Damit ist ganz sicher kein politisches Programm gemeint, sondern eine Erinnerung an das, was wesentlich ist. Deshalb spricht der Text (klassisch kulturkritisch) gegen Medien, Gerede, Zersplitterung, Gesellschaft, Schlauheit, Üppigkeit und für Maß, Konzentration, Intimsphäre, Demut, Entbehrung. Er hat seinen Kern in der Klage über die „Totalherrschaft der Gegenwart“, die das Transzendente und das Vergangene eliminieren möchte. Der Mensch wird damit um das Verständnis der Tragödie (nichts anderes heißt Bocksgesang) seiner Existenz gebracht, der er doch nicht entkommen kann.

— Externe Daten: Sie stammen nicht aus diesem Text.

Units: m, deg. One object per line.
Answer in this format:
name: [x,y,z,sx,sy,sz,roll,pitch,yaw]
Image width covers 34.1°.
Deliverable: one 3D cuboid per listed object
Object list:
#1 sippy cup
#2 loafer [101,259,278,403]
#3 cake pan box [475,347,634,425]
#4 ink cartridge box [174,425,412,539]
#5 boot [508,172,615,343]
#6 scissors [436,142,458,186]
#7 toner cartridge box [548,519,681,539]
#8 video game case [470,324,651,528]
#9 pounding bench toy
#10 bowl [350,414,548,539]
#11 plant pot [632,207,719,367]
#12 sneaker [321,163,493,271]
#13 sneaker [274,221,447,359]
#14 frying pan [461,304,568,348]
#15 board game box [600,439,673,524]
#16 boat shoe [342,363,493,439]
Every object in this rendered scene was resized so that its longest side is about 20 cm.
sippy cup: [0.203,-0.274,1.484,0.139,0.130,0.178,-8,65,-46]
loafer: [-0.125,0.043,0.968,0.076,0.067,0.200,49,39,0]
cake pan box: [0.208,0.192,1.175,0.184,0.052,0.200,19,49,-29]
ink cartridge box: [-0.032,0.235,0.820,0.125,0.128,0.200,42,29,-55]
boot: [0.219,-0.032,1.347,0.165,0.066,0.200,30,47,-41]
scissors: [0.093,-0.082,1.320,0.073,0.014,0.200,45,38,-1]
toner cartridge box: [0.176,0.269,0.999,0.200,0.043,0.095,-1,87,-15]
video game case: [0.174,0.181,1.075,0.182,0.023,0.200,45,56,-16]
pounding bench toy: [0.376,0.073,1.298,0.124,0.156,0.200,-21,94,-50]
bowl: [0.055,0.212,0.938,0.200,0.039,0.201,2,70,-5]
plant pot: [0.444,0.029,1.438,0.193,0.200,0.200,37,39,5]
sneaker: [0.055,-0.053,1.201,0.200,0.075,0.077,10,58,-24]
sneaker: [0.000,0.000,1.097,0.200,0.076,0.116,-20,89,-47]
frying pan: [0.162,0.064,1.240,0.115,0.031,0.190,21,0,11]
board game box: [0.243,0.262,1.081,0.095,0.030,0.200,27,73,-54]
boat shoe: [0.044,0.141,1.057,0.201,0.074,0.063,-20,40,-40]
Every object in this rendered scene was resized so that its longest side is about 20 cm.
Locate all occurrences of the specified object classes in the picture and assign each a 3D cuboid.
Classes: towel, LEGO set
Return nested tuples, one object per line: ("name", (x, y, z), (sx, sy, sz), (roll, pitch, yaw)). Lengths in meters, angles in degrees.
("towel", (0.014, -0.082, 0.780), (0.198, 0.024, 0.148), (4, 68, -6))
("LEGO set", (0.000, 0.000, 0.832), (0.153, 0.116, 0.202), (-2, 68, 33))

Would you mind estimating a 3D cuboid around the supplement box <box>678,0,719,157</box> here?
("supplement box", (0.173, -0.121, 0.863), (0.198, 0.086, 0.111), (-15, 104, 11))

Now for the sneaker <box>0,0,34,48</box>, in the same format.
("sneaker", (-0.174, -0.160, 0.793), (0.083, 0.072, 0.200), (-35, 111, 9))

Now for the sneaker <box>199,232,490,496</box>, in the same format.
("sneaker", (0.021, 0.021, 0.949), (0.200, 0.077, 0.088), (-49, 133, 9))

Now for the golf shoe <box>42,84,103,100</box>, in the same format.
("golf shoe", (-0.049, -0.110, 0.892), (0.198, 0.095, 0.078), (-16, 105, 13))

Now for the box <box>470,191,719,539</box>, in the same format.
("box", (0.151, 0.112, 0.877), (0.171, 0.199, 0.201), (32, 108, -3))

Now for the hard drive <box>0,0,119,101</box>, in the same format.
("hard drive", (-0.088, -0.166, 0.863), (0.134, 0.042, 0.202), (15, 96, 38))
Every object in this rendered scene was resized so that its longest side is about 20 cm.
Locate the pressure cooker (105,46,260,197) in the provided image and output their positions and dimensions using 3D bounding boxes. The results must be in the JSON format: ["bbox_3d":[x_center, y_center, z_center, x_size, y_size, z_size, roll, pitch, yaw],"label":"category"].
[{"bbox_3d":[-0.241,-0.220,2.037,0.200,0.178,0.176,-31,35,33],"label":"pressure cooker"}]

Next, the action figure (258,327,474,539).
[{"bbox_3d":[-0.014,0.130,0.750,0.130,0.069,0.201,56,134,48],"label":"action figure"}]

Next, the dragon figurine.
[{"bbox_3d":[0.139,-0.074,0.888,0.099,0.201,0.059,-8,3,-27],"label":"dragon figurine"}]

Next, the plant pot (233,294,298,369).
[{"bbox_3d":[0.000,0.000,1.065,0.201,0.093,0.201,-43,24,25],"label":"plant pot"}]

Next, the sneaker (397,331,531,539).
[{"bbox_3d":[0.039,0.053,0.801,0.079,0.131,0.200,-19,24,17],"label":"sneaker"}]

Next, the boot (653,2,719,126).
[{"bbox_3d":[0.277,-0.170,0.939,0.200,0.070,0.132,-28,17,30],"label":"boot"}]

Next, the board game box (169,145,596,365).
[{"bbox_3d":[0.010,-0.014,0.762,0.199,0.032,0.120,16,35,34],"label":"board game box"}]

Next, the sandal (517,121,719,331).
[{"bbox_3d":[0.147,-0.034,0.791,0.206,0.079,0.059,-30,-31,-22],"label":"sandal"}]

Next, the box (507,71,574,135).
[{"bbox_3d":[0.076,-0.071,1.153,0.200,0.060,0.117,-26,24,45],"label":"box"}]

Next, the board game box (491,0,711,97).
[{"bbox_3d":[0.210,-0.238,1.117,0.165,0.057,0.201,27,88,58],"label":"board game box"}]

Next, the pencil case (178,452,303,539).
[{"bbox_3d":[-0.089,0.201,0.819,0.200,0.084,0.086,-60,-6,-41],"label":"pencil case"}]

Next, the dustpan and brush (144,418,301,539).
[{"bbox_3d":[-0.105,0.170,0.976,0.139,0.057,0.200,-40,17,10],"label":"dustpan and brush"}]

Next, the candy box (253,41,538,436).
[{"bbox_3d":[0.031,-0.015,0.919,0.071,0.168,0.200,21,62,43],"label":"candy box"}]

Befürchtung eines neuen Nationalismus

Der Text bot damit genügend Anstöße für eine Debatte, auch wenn er im Sinne des stillen Nachdenkens geschrieben war. Letztendlich lag in ihm eine sich selbst erfüllende Prophezeiung, die im medialen Diskurs enden mußte. Daß es dabei zu so viel Unverständnis und Ablehnung kam, hat vor allem mit der damaligen Situation zu tun. Die Wende in der DDR und die Überwindung der Teilung ließen beim linksliberalen Establishment der Republik die Befürchtung eines neuen Nationalismus aufkommen. Erschwerend hinzu kam, daß Ereignisse wie die von Rostock-Lichtenhagen eben diese Befürchtungen zu bestätigen schienen.

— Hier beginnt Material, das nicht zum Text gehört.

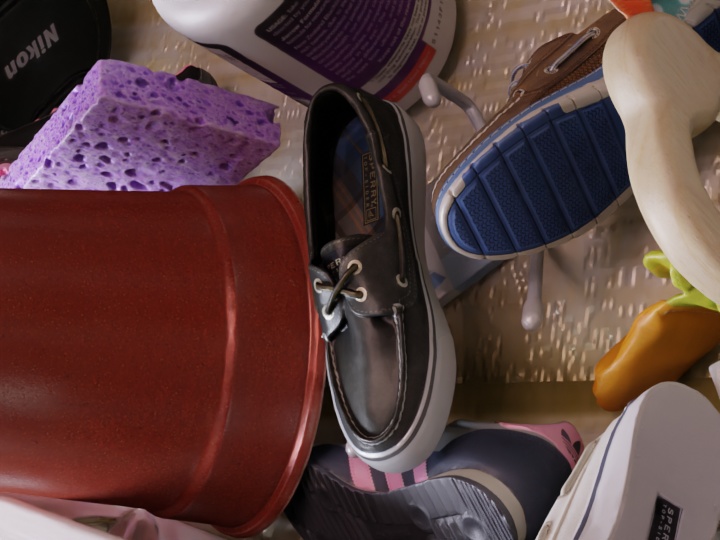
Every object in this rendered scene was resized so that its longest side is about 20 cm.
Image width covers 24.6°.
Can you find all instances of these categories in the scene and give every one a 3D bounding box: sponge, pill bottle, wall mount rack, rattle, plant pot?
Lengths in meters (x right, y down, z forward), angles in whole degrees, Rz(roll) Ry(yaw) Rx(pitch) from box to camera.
[{"bbox_3d":[-0.143,-0.053,0.968,0.200,0.111,0.030,-36,49,49],"label":"sponge"},{"bbox_3d":[-0.045,-0.164,0.900,0.111,0.199,0.112,-14,65,34],"label":"pill bottle"},{"bbox_3d":[0.032,0.000,0.871,0.200,0.074,0.175,-38,54,23],"label":"wall mount rack"},{"bbox_3d":[0.132,-0.055,0.771,0.201,0.130,0.143,56,153,2],"label":"rattle"},{"bbox_3d":[-0.147,0.039,0.876,0.200,0.194,0.203,-18,69,60],"label":"plant pot"}]

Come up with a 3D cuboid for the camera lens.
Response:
[{"bbox_3d":[-0.279,-0.168,1.127,0.199,0.160,0.161,22,88,42],"label":"camera lens"}]

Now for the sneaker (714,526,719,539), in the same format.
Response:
[{"bbox_3d":[0.087,0.211,0.748,0.201,0.077,0.147,-23,58,30],"label":"sneaker"}]

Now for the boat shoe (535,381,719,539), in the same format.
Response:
[{"bbox_3d":[0.096,0.136,0.681,0.070,0.071,0.201,-43,17,50],"label":"boat shoe"}]

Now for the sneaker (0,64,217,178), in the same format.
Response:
[{"bbox_3d":[-0.174,-0.082,1.053,0.198,0.079,0.096,-9,58,11],"label":"sneaker"}]

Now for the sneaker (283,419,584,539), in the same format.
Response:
[{"bbox_3d":[0.034,0.110,0.847,0.199,0.082,0.071,-3,116,52],"label":"sneaker"}]

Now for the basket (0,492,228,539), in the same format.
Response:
[{"bbox_3d":[-0.112,0.201,0.877,0.199,0.135,0.124,11,85,40],"label":"basket"}]

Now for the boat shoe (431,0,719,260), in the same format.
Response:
[{"bbox_3d":[0.111,-0.077,0.816,0.199,0.073,0.072,-33,34,-13],"label":"boat shoe"}]

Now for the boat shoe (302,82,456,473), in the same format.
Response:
[{"bbox_3d":[0.000,0.000,0.814,0.068,0.056,0.202,-22,58,31],"label":"boat shoe"}]

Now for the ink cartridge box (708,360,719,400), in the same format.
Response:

In dieser Situation nützte es Strauß auch nichts, daß er sich in dem Text in überdeutlicher Weise von all dem, was unter „Neonazismus“ subsumiert wurde, distanziert hatte und den Deutschen eine „über das Menschenmaß hinausgehende Schuld“ attestierte und darin das Verhängnis erblickte, das politisches Leben „auf Dauer entstellt“. All das wurde nicht thematisiert und stillschweigend als Feigenblatt abgetan, mit dem Strauß von seinem eigentlichen Anliegen, dem Leitbildwechsel, ablenken wollte. Peter Glotz prägte dafür die bekannten Worte: „Notiert euch, Freunde, den Tag (…) Es wird ernst.“

Den Gipfel bildete die Publikation des Essays in dem von Heimo Schwilk und Ulrich Schacht herausgegebenen Sammelband „Die selbstbewußte Nation“ (1994), der nichts anderes unternahm, als die von Strauß angedeuteten Linien auszuziehen. Die Warner sahen sich bestätigt und skandalisierten den Band in ähnlicher Weise wie zuvor den Essay, nicht zuletzt der Spiegel war jetzt unter der Überschrift „Lehrmeister des Hasses“ wieder auf der richtigen Seite. Dem Erfolg tat das keinen Abbruch, in kurzer Zeit erschienen drei Auflagen des Bandes. Doch Strauß hat auch hier recht behalten, wenn er schreibt: „Der Leitbild-Wechsel, der längst fällig wäre, wird niemals stattfinden.“

Er hat nicht stattgefunden, im Gegenteil: Die von Strauß beschriebenen Tendenzen haben sich verstärkt. Der Skandal von Strauß’ Text lag und liegt weiterhin darin, daß er das Wort „rechts“ rehabilitieren wollte und damit Emanzipation, Fortschritt und Demokratie als fragwürdige Heilige darstellte.